As deep learning is increasingly applied to object detection, some researchers have also applied it to water surface floater detection. The application of deep learning in floating objects on the water’s surface has contributed greatly to timely detection and processing of floating objects and to improving the supervision level of rivers and lakes. 随着深度学习越来越多地应用于物体检测，一些研究人员也将其应用于水面漂浮物检测。深度学习在水面漂浮物中的应用，为及时检测和处理漂浮物，提高江河湖泊监管水平做出了巨大贡献。Li et al. collected marine images from the South China Sea using a camera mounted on an unmanned boat and obtained a dataset containing 4000 images after data augmentation.
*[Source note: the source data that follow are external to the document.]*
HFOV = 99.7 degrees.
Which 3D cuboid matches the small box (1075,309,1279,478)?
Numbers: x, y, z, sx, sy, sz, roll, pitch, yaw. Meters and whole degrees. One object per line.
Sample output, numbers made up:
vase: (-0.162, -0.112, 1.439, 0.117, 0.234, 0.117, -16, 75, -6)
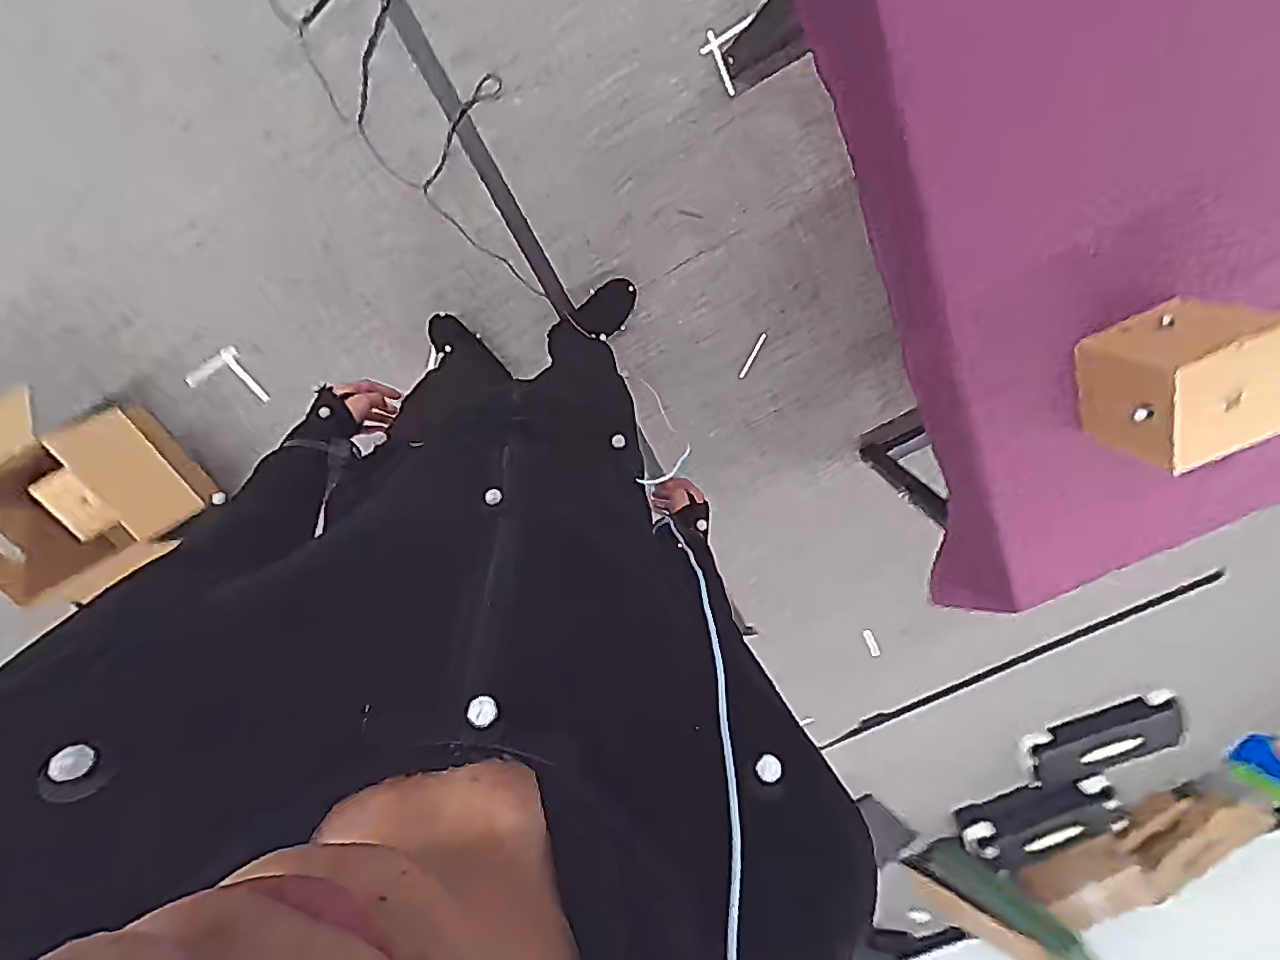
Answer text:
small box: (0.808, -0.137, 0.821, 0.168, 0.176, 0.179, -24, 115, 6)
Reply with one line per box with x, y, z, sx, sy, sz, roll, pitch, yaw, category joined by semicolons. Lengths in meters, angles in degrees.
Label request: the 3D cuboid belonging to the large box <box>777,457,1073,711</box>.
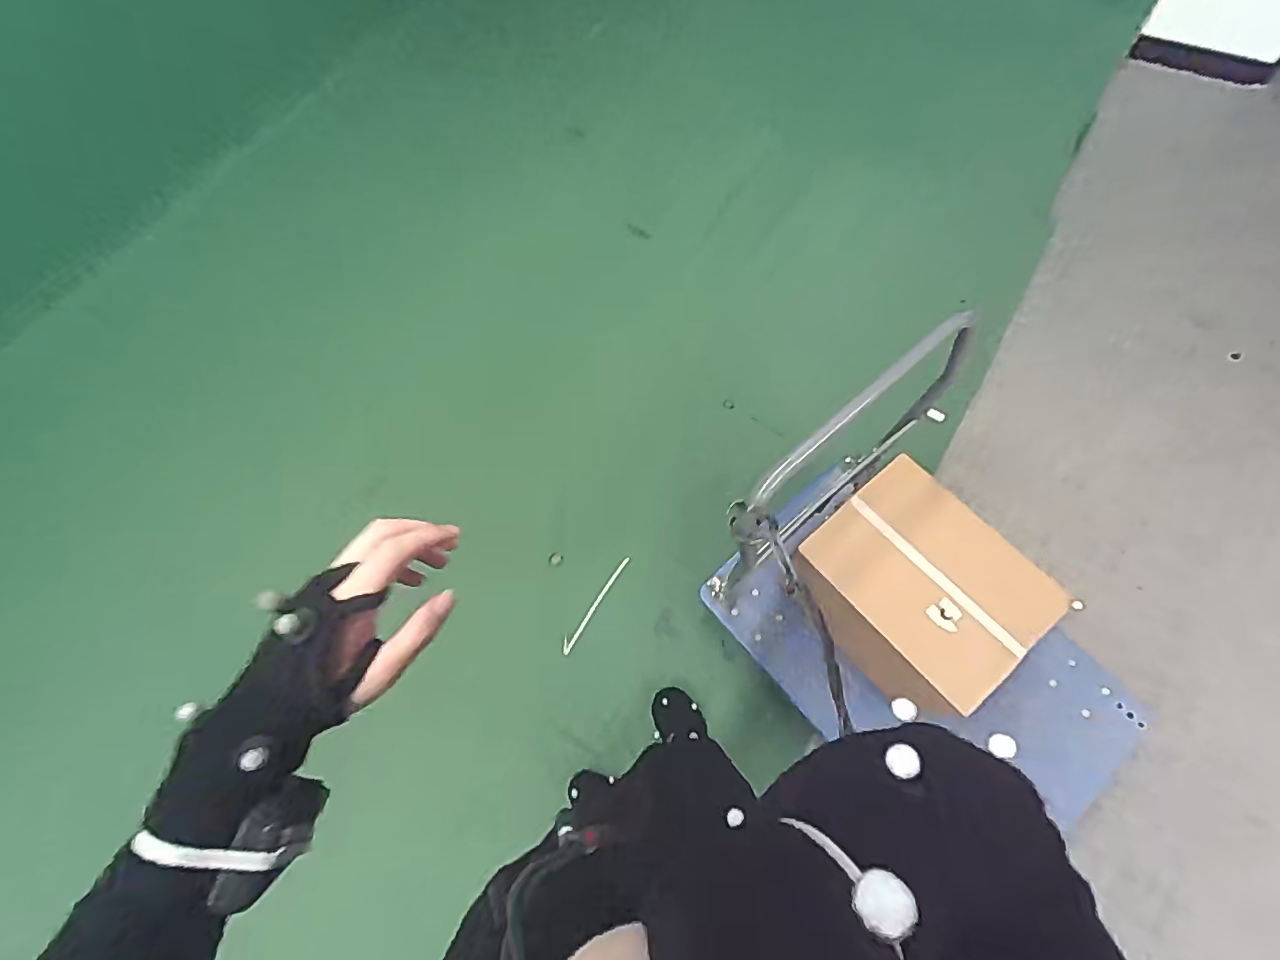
0.568;0.230;1.169;0.320;0.320;0.408;-39;71;-10;large box
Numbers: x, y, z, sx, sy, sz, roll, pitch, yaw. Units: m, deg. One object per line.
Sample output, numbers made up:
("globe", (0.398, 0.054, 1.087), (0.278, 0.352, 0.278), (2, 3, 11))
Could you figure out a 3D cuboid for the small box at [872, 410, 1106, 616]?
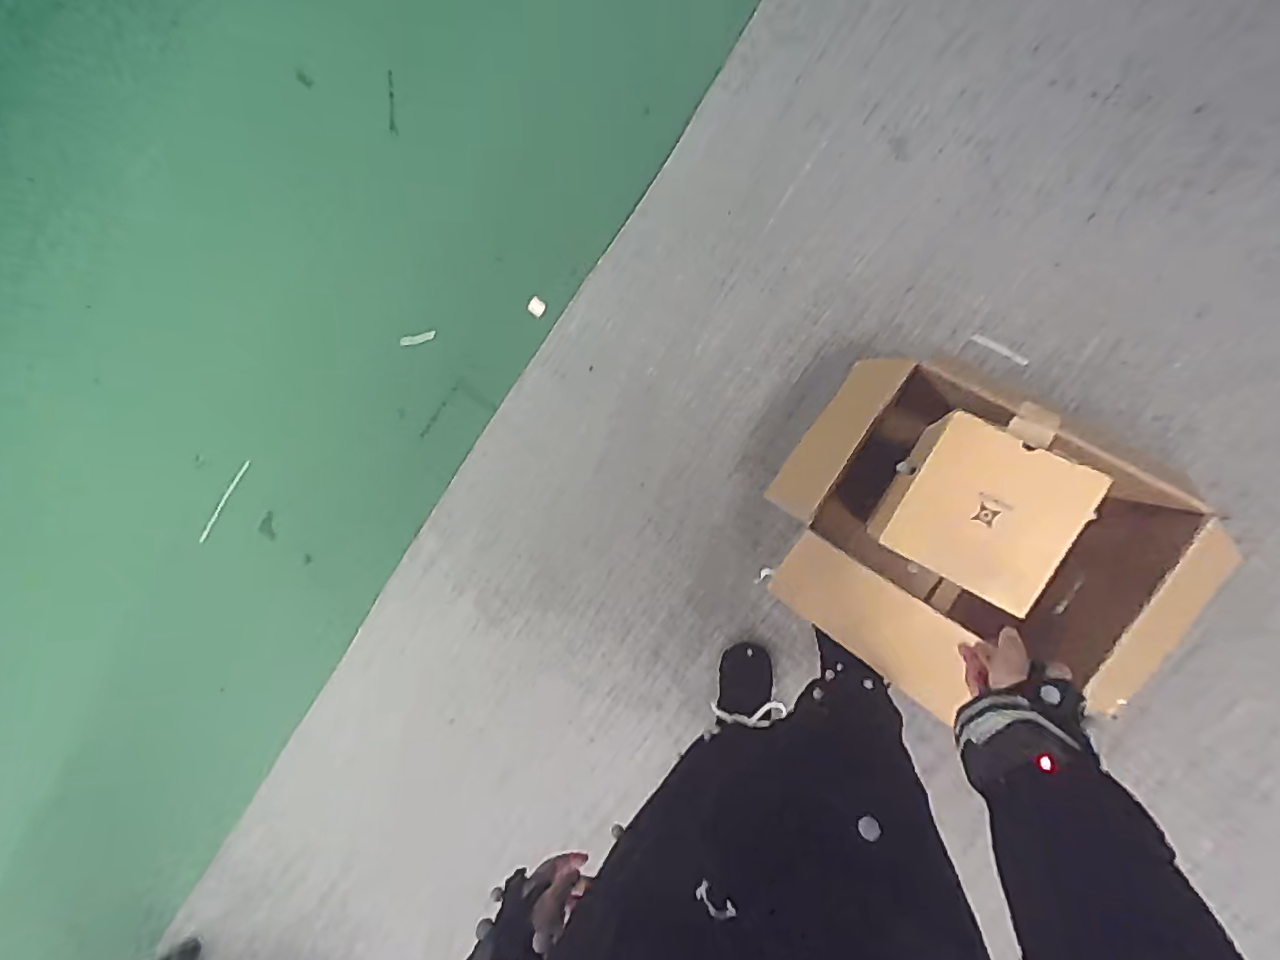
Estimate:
("small box", (0.405, 0.039, 0.668), (0.168, 0.176, 0.179), (29, 96, 18))
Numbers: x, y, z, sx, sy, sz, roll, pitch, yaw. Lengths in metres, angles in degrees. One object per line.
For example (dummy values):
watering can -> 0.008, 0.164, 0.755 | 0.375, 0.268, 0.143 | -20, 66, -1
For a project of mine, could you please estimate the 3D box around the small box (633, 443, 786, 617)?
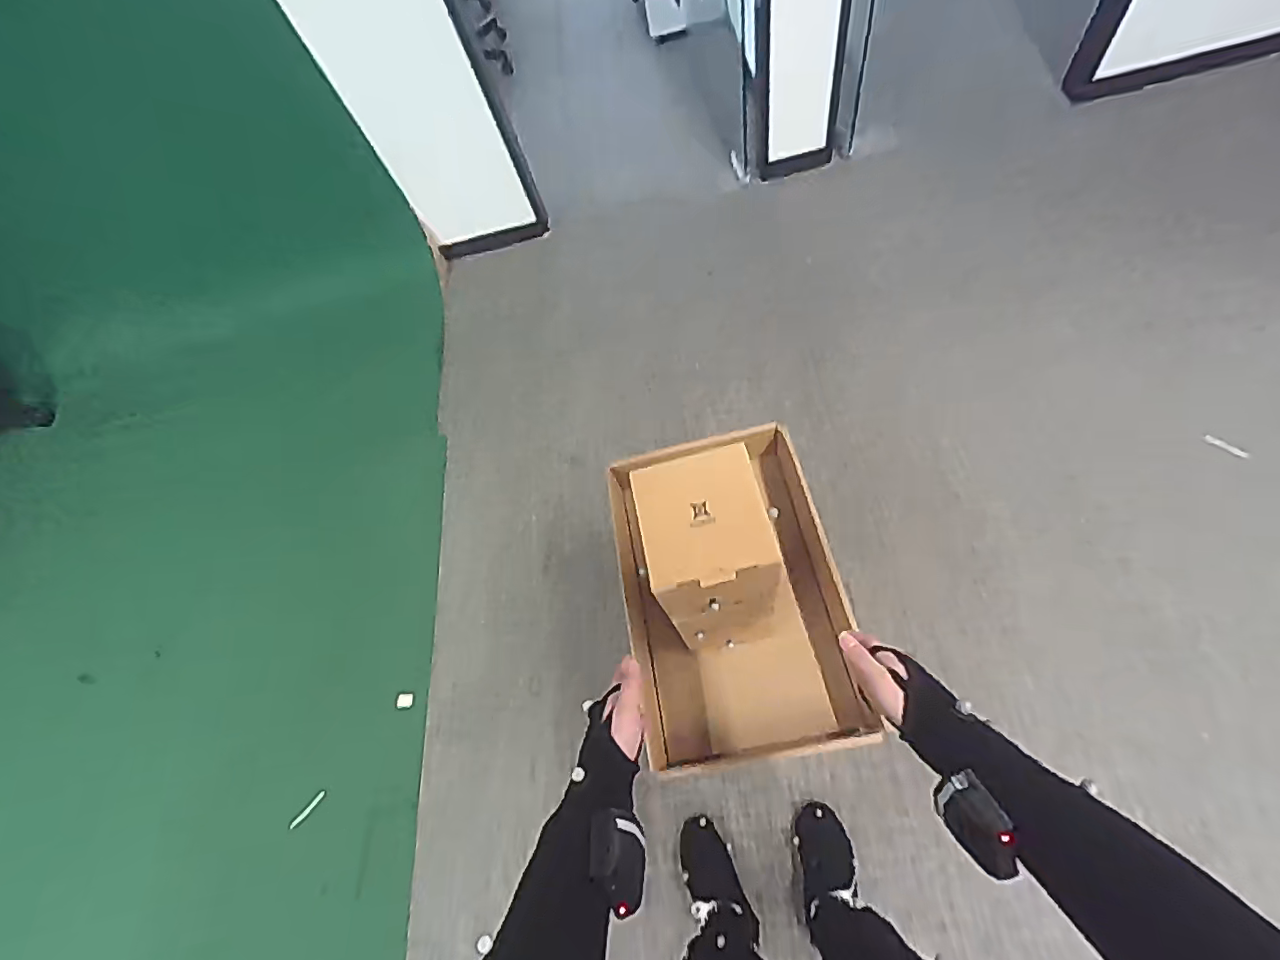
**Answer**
small box -> 0.096, 0.077, 0.766 | 0.168, 0.176, 0.179 | -15, 62, 4

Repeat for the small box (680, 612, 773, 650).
small box -> 0.156, 0.218, 1.053 | 0.168, 0.176, 0.179 | -13, 62, 6

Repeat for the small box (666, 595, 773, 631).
small box -> 0.124, 0.146, 0.910 | 0.168, 0.176, 0.179 | -15, 60, 5

A fusion model based on 等人使用安装在无人船上的相机从南中国海收集海洋图像，经过数据增强后获得了包含4000张图像的数据集。基于YOLOv3 and 和DenseNet was used to detect sea surface vessel targets ^[35]. 的融合模型用于检测海面船只目标[35]。Zhang et al. used a dataset extracted from three days of video monitoring of a certain location on the Beijing North Canal to detect plastic bags and bottles floating on the water’s surface. The detection model used was 等人使用从北京北运河某处视频监控三天中提取的数据集，检测漂浮在水面上的塑料袋和瓶子。采用的检测模型为以VGG16为特征提取器的Faster R-CNN with VGG16 as the feature extractor, in which conv4_3 and conv5_3 were selected from VGG16 for feature fusion, to improve the detection accuracy of small objects ^[49]. In ，从VGG4中选择conv3_5和conv3_16进行特征融合，以提高小物体的检测精度[49]。2020, 年，van et al. constructed a plastic floating garbage monitoring dataset using videos collected from five different waterway bridges in Jakarta, Indonesia, and identified plastic floating objects through two rounds of detection. Faster R-CNN was used to detect regions that may contain plastic floating objects, and then 等人利用从印度尼西亚雅加达五座不同水桥采集的视频构建了塑料漂浮垃圾监测数据集，并通过两轮检测识别塑料漂浮物。使用更快的R-CNN检测可能包含塑料漂浮物体的区域，然后使用基于预先训练的COCO的Inception V2 based on pre-trained COCO was used to determine whether these regions contain plastic ^[33].来确定这些区域是否含有塑料[33]。